**What the exercise asks**: Find the word "width" in the listing below. Copy every line that has it.

**Extracted records**:
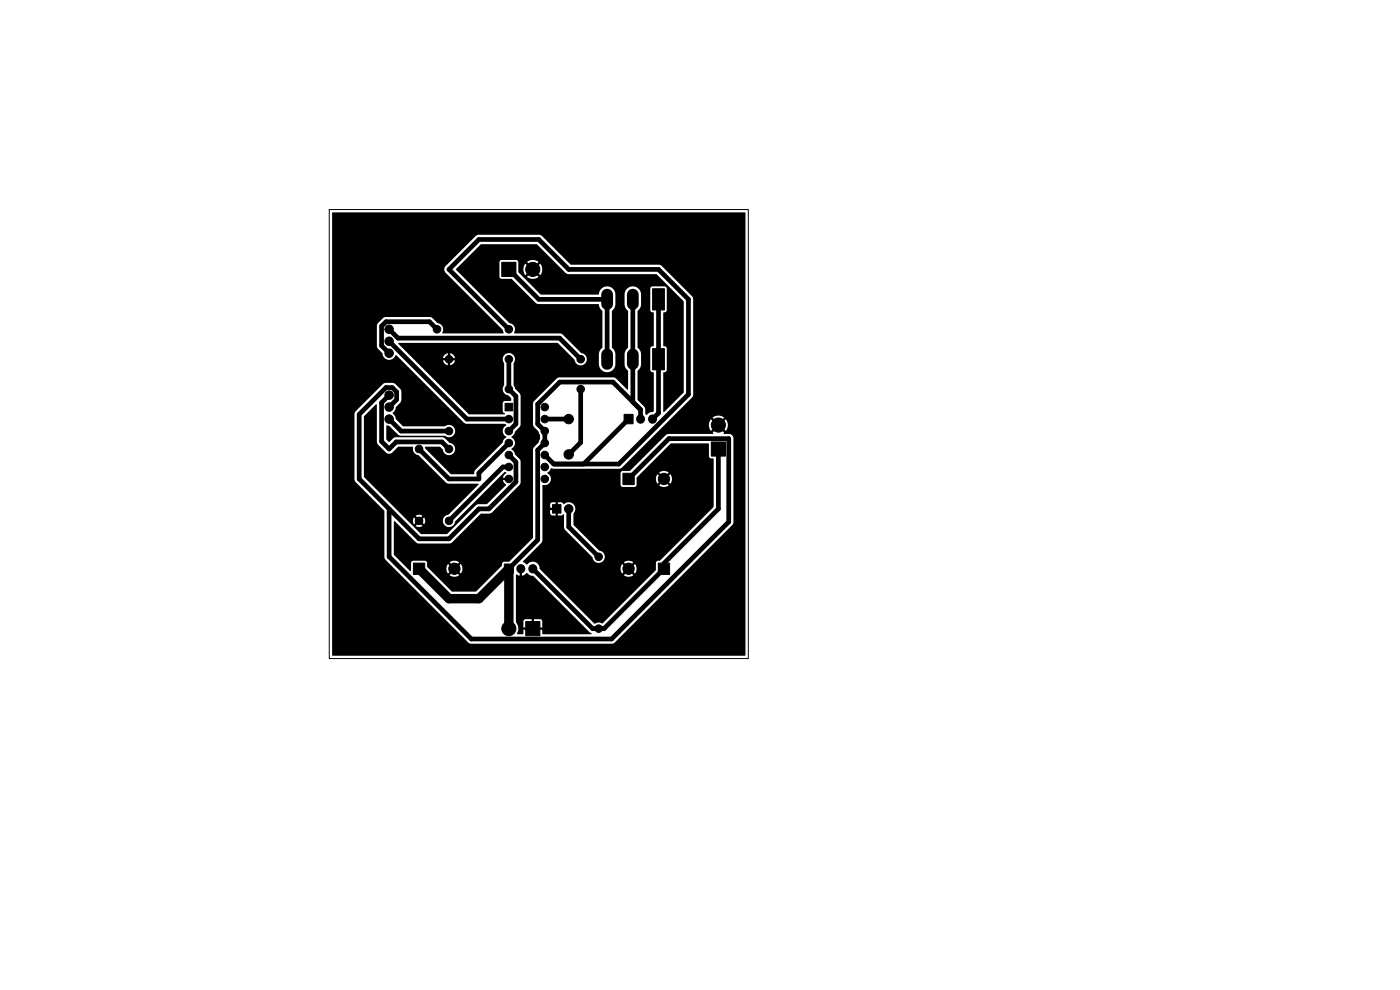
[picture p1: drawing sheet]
<svg xmlns="http://www.w3.org/2000/svg" width="297mm" height="210mm" viewBox="0 0 297 210" stroke-linecap="round" stroke-linejoin="round" font-family="sans-serif">
<path d="M69.8 44.5h88.9v95.2h-88.9z" fill="none" stroke="#000" stroke-width=".21"/>
<g fill="#000" stroke="#000" stroke-width=".21">
<path d="M106.4 55.6h3.1v3.1h-3.1zM138.5 61.3h2.4v4.4h-2.4zM138.5 74h2.4v4.4h-2.4zM107.1 85.6h1.7v1.6h-1.7zM132.4 87.9h1.9v2h-1.9zM150.9 93.7h3v3.1h-3zM117.2 107.1h1.8v1.7h-1.8zM132.2 100.4h2.3v2.4h-2.3zM139.6 119.5h2.5v2.3h-2.5zM87.7 119.5h2.4v2.3h-2.4zM107 119.7h1.9v2h-1.9zM111.5 131.8h3v3.1h-3z"/>
<circle cx="113" cy="57.1" r="1.5"/>
<circle cx="82.5" cy="69.8" r=".9"/>
<circle cx="82.5" cy="74.9" r=".9"/>
<circle cx="82.5" cy="72.4" r=".9"/>
<circle cx="92.7" cy="69.8" r=".8"/>
<circle cx="95.2" cy="76.2" r=".8"/>
<circle cx="107.9" cy="76.2" r=".8"/>
<circle cx="107.9" cy="69.8" r=".8"/>
<circle cx="123.2" cy="76.2" r=".8"/>
<circle cx="82.5" cy="86.4" r=".9"/>
<circle cx="82.5" cy="88.9" r=".9"/>
<circle cx="82.5" cy="83.8" r=".9"/>
<circle cx="88.9" cy="95.2" r=".8"/>
<circle cx="95.2" cy="91.4" r=".8"/>
<circle cx="95.2" cy="95.2" r=".8"/>
<circle cx="107.9" cy="94" r=".8"/>
<circle cx="107.9" cy="82.5" r=".8"/>
<circle cx="107.9" cy="88.9" r=".8"/>
<circle cx="107.9" cy="96.5" r=".8"/>
<circle cx="107.9" cy="91.4" r=".8"/>
<circle cx="107.9" cy="99.1" r=".8"/>
<circle cx="115.6" cy="99.1" r=".8"/>
<circle cx="115.6" cy="96.5" r=".8"/>
<circle cx="115.6" cy="88.9" r=".8"/>
<circle cx="115.6" cy="91.4" r=".8"/>
<circle cx="115.6" cy="94" r=".8"/>
<circle cx="115.6" cy="86.4" r=".8"/>
<circle cx="120.6" cy="88.9" r="1"/>
<circle cx="120.6" cy="96.4" r="1"/>
<circle cx="123.2" cy="82.5" r=".8"/>
<circle cx="152.4" cy="90.2" r="1.5"/>
<circle cx="88.9" cy="110.5" r=".8"/>
<circle cx="95.2" cy="110.5" r=".8"/>
<circle cx="107.9" cy="101.6" r=".8"/>
<circle cx="115.6" cy="101.6" r=".8"/>
<circle cx="120.6" cy="107.9" r=".9"/>
<circle cx="127" cy="118.1" r=".8"/>
<circle cx="140.8" cy="101.6" r="1.2"/>
<circle cx="96.4" cy="120.6" r="1.2"/>
<circle cx="107.9" cy="133.3" r="1.5"/>
<circle cx="127" cy="133.3" r=".8"/>
<circle cx="133.4" cy="120.6" r="1.2"/>
</g>
<path d="M128.8 62.5v2M128.8 75.2v2M134.2 62.5v2M134.2 75.2v2" fill="none" stroke="#000" stroke-width="2.5"/>
<path d="M135.9 88.9h.1M138.4 88.9h.1M110.5 120.6v.1M113 120.6v.1" fill="none" stroke="#000" stroke-width="1.9"/>
<g fill="none" stroke="#000" stroke-width="1">
<path d="M107.9 57.2l6.4 6.3h14.5v12.7M82.5 72.4l16.6 16.5h8.8M82.5 69.9l1.9 1.8h34.3l4.5 4.5M92.7 69.9l-1.6-1.6h-9.2l-.9 .9v4.1l1.5 1.6M107.9 76.2v6.4l1.6 1.5v5.8l-1.6 1.5M107.9 69.9l-12.7-12.7 6.4-6.4h12.7l6.3 6.4h19.1l6.3 6.3v20.2l-14.7 14.7h-13.8l-1.9-1.9M134.2 63.5v21.8M139.7 63.5v24.1l-1.3 1.3M82.5 86.4l1.6-1.6v-1.6l-.9-1h-1.3l-5.7 5.7v13.7l12.7 12.7h6.3l6.4-6.3h2.1l5.8-5.8v-4.2l-1.6-1.5M82.5 83.8l-1.5 1.6v8.3l1.5 1.6 1.6-1.6h9.6l1.5 1.6M82.5 88.9l2.6 2.5h10.1M107.9 99.1h-1.2l-11.5 11.4"/>
<path d="M107.9 94l-6.3 6.3v1.3h-6.4l-6.3-6.3M115.6 88.9h5M123.2 82.6v11.3l-2.6 2.5M133.3 88.9l-9.5 9.5M135.9 88.9v-2l-5.9-5.9h-11.2l-4.7 4.7v4.2l1.5 1.5v2.6l-1.5 1.5v19l-6.2 6.2M152.4 95.3v12.7l-11.5 11.5v1.2l-12.7 12.7h-2.5l-12.7-12.7M120.6 108v3.8l6.4 6.3M133.3 101.6l8.6-8.5h12.7v17.6l-24.8 24.8h-29.8l-17.5-17.4v-10.1"/>
</g>
<path d="M88.9 120.7l6.3 6.3h6.4l6.3-6.3v12.7" fill="none" stroke="#000" stroke-width="2"/>
<path d="M102 51.8h11.9l6.1 6.1 .5 .2 18.8 .1 5.7 5.8v19.2l-4.1 4.2-.2-.1v-8.2l.6-.3 .2-.3-.1-4.7-.2-.3-.5-.2v-6.9l.6-.3 .2-.3v-4.6l-.4-.4h-2.8l-.3 .3v4.8l.2 .3 .5 .2v6.9l-.1 .1a.52 .52 0 0 0-.7 .5l.1 4.7 .2 .3 .5 .2v8.1l-.2 .2-.9 .2-.4 .4-.3-.2v-1l-.2-.5-1.4-1.5v-6.2a1.72 1.72 0 0 0 .7-1.3v-2.4l-.3-.7-.4-.5v-7.8a1.78 1.78 0 0 0 .7-1.3v-2.4a1.75 1.75 0 0 0-1.8-1.5 1.75 1.75 0 0 0-1.7 1.7v2.4l.3 .7 .4 .5v7.8a1.77 1.77 0 0 0-.7 1.3v2.4l.3 .7 .4 .5v4l-2.5-2.4-.5-.2-11.5-.1-.7 .4-4.7 4.7-.2 .5v4.5l.2 .5 1 1 .3 .7v.8l-.3 .8-1 .9-.2 .6-.1 18.7-4.9 5-1.5 .2-.1 .7-5.5 5.5h-5.1l-4.9-4.8h3.7l.3 1 .8-.8 .4 .3-.8 .8 .1 .1a1.7 1.7 0 0 0 1.9-.1l-.8-.8 .4-.3 .8 .8a1.69 1.69 0 0 0 0-2.1l-.8 .8-.4-.3 .8-.8a1.69 1.69 0 0 0-2 0l.8 .8-.4 .3-.8-.8-.3 1.1h-3.7l-.4-.5v-.9l-.3-.3h-2.7l-.4 .3v1.7l-.2 .1-3.4-3.4v-7.1h.2l4.7 4.6 6.8 .1 .5-.2 6.2-6.1h1.8l.6-.3 5.9-5.9 .2-.6-.1-4.4-.2-.4-.9-1-.4-.7-.4-.5a1.42 1.42 0 0 0 .8-1.2 1.42 1.42 0 0 0-.8-1.3v-.1a1.36 1.36 0 0 0 .8-1.1l.9-.9 .2-.5 .1-6.1-.3-.6-.9-.9-.3-.8v-4.7a1.31 1.31 0 0 0-.2-1.8 1.31 1.31 0 0 0-1.8 .1 1.31 1.31 0 0 0-.1 1.8v4.6a1.32 1.32 0 0 0 1 2.2l.5 .6v.5l-1.4 .1-.3 .4v1.8l.4 .4v.2h-7.6l-12-11.9h7.4v.4h-.9v.2l.4 .6 .6 .3v-1h.5v1l.6-.3 .4-.6v-.2h-.9v-.4h.9l-.3-.6-.7-.5v1h-.5v-1l-.6 .3-.4 .8h-6.5l-3-3.2 33.8-.1 3.6 3.6a1.31 1.31 0 0 0 1.4 1.2 1.31 1.31 0 0 0 1.2-1.3 1.31 1.31 0 0 0-1.2-1.3l-4.3-4.1-9.8-.1-.2-.1a1.34 1.34 0 0 0-1-2.1l-9.8-9.8h7.7l.4 .4 2.3 .1 5 5.1 .5 .2h12.9l.2 .8 .6 .7v7.8a1.77 1.77 0 0 0-.8 1.3l.1 2.4a1.75 1.75 0 0 0 1.8 1.5 1.75 1.75 0 0 0 1.7-1.7l-.1-2.4-.2-.7-.5-.5v-7.8a1.77 1.77 0 0 0 .8-1.3l-.1-2.4a1.8 1.8 0 0 0-1.9-1.4 1.8 1.8 0 0 0-1.6 1.7h-12.2l-4.8-4.7v-.6h1l.1 .5 .3 .7 .9-.9 .4 .3-.9 .9a1.98 1.98 0 0 0 2.5 0l-.9-.9 .3-.3 .9 .9a1.98 1.98 0 0 0 0-2.5l-.9 .9-.3-.3 .9-.9a1.98 1.98 0 0 0-2.5 0l.9 .9-.4 .3-.9-.9-.3 .7-.1 .6h-1l-.1-1.7-.2-.3h-3.5l-.3 .4v3.1h-7.7l-1.5-1.6zM70.5 45.1h87.5l.1 .1v93.8l-87.6 .1v-51.2h4.7v13.9l.3 .5 6 6.1v9.8l.2 .5 17.6 17.6 .6 .3h29.9l.6-.3 25.1-25.1 .1-.5v-17.9l-.2-.4-.5-.3-1.4-.1 .1-.2-.9-.9 .4-.4 .9 .9 .1-.1a1.99 1.99 0 0 0-.1-2.4l-.9 .9-.4-.3 .9-.9a1.98 1.98 0 0 0-2.4 0l.9 .9-.4 .3-.9-.9a1.98 1.98 0 0 0 0 2.5l.9-.9 .4 .4-.9 .9 .1 .1-.1 .1-9.7 .1-7.8 7.8h-1.7l-.3 .4v2.6l.3 .4 2.8-.1 .2-.3 .1-1.3h4l.4 1 .8-.8 .3 .4-.8 .8a1.69 1.69 0 0 0 2.1 0l-.8-.8 .3-.4 .8 .8a1.69 1.69 0 0 0 0-2l-.8 .8-.3-.4 .8-.8a1.69 1.69 0 0 0-2.1 0l.8 .8-.3 .4-.8-.8-.4 1h-4v-.3l7.2-7.2h8l.1 2.8 .3 .3 .7 .2v10.2l-11.4 11.3-.7 .2-.2 .3v1.6l-11.2 11.2-.9-.2-.9 .3-11.6-11.6h17.1l.4 1 .8-.8 .3 .3-.8 .8 .2 .1a1.7 1.7 0 0 0 1.9-.1l-.8-.8 .3-.3 .8 .8a1.69 1.69 0 0 0 0-2.1l-.8 .8-.3-.3 .8-.8a1.69 1.69 0 0 0-2.1 0l.8 .8-.3 .3-.8-.8-.4 1.1-17.1-.1a1.51 1.51 0 0 0-1.1-1.4 1.51 1.51 0 0 0-1.7 .6l-.8-.7 4.1-4.3 .1-5.9h1.6l.3 .4 .9 .1v-1.1h.5v1.1l.7-.1 .4-.2 .1 .1v2.6l.3 .6 5.8 5.9a1.31 1.31 0 0 0 1.4 1.1 1.31 1.31 0 0 0 1.2-1.3 1.31 1.31 0 0 0-1.2-1.3l-5.4-5.4v-2.5a1.44 1.44 0 0 0-.1-2 1.44 1.44 0 0 0-2 .1l-.5-.4-.7-.1v1.1h-.5v-1.1l-.9 .1-.3 .3v.8h1v.5h-1v.7h-1.6v-6a1.36 1.36 0 0 0 1.7-.9 1.36 1.36 0 0 0-.7-1.7l.8-1 .6 .1h13.9l.3-.1 15.1-15 .3-.7v-20.2l-.2-.5-6.5-6.5-.4-.2-18.9-.1-6.5-6.3h-13.2l-.5 .3-6.4 6.4-.2 .5v.4l.3 .5 12 12 .2 .8h-13a1.44 1.44 0 0 0-1.1-2.2l-.9-1-.6-.3h-9.4l-.4 .2-1.2 1.1-.3 .7 .1 4.3 .2 .5 .9 1a1.4 1.4 0 0 0 1.2 1.3 1.4 1.4 0 0 0 1.6-.9l.2-.1 14.4 14.4 .6 .2h8l.3 .3a1.38 1.38 0 0 0-.8 1.3 1.38 1.38 0 0 0 .8 1.2l-.6 .6-.2 .6-5.8 5.8-.3 .9h-4.9l-5.4-5.4v-.4h3.1l.6 .5a1.32 1.32 0 0 0 1.4 1.3 1.32 1.32 0 0 0 1.3-1.3 1.32 1.32 0 0 0-1.3-1.4l-1-1-.6-.2h-9.7l-.5 .2-1 .9-.5-.6v-2.9l.1-.1 .5 .1 1.8 1.9 .5 .2h9.5a1.32 1.32 0 0 0 1.8 0 1.32 1.32 0 0 0 0-1.9 1.32 1.32 0 0 0-1.8-.1h-8.8l-1.6-1.6a1.49 1.49 0 0 0-.7-1.1v-.2a1.55 1.55 0 0 0 .7-1.2l1.1-1.2v-2.3l-1.5-1.5-1.8-.1-.6 .3-5.8 5.8-.2 .6h-4.7zM77.2 88.3l2.5-2.5h.2l.1 8.1 .2 .4 1.8 1.8 .4 .1 .6-.1 1.5-1.3h3.1a1.48 1.48 0 0 0 1.2 1.8l6 5.9 .5 .1 6.2 .1-6.3 6.5a1.32 1.32 0 0 0-1.3 1.3 1.32 1.32 0 0 0 1.3 1.3 1.32 1.32 0 0 0 1.4-1.2l10.4-10.5 .4 .2-.7 1.1h.9v.4h-.9l.6 1.1-4 4h-1.8l-.5 .3-6.1 6.1h-5.6l-2.8-2.8h1.1l.2 .7 .7-.7 .4 .4-.7 .7a1.28 1.28 0 0 0 1.4 0l-.7-.7 .4-.4 .7 .7a1.28 1.28 0 0 0 0-1.4l-.7 .6-.4-.3 .7-.7a1.28 1.28 0 0 0-1.4 0l.7 .7-.4 .3-.7-.6-.2 .7h-1.1l-9.3-9.3zM110.2 121.1h.5v1l1.1-.6a1.81 1.81 0 0 0 1.4 .7l12.3 12.3h-10.3l-.2-.1v-.8h-1.3v-.5h1.3v-1.4l-.4-.3h-1.3v1.2h-.5v-1.2h-1.5l-.3 .3v1.4h1.3v.5h-1.3v.9h-1.2l-.1-.1a2.11 2.11 0 0 0-.2-2.4v-10l.1-.1 .6 .2z" fill="#000"/>
</svg>

**Response area**:
<svg xmlns="http://www.w3.org/2000/svg" width="297mm" height="210mm" viewBox="0 0 297 210" stroke-linecap="round" stroke-linejoin="round" font-family="sans-serif">
<path d="M69.8 44.5h88.9v95.2h-88.9z" fill="none" stroke="#000" stroke-width=".21"/>
<g fill="#000" stroke="#000" stroke-width=".21">
<path d="M128.8 62.5v2M128.8 75.2v2M134.2 62.5v2M134.2 75.2v2" fill="none" stroke="#000" stroke-width="2.5"/>
<path d="M135.9 88.9h.1M138.4 88.9h.1M110.5 120.6v.1M113 120.6v.1" fill="none" stroke="#000" stroke-width="1.9"/>
<g fill="none" stroke="#000" stroke-width="1">
<path d="M88.9 120.7l6.3 6.3h6.4l6.3-6.3v12.7" fill="none" stroke="#000" stroke-width="2"/>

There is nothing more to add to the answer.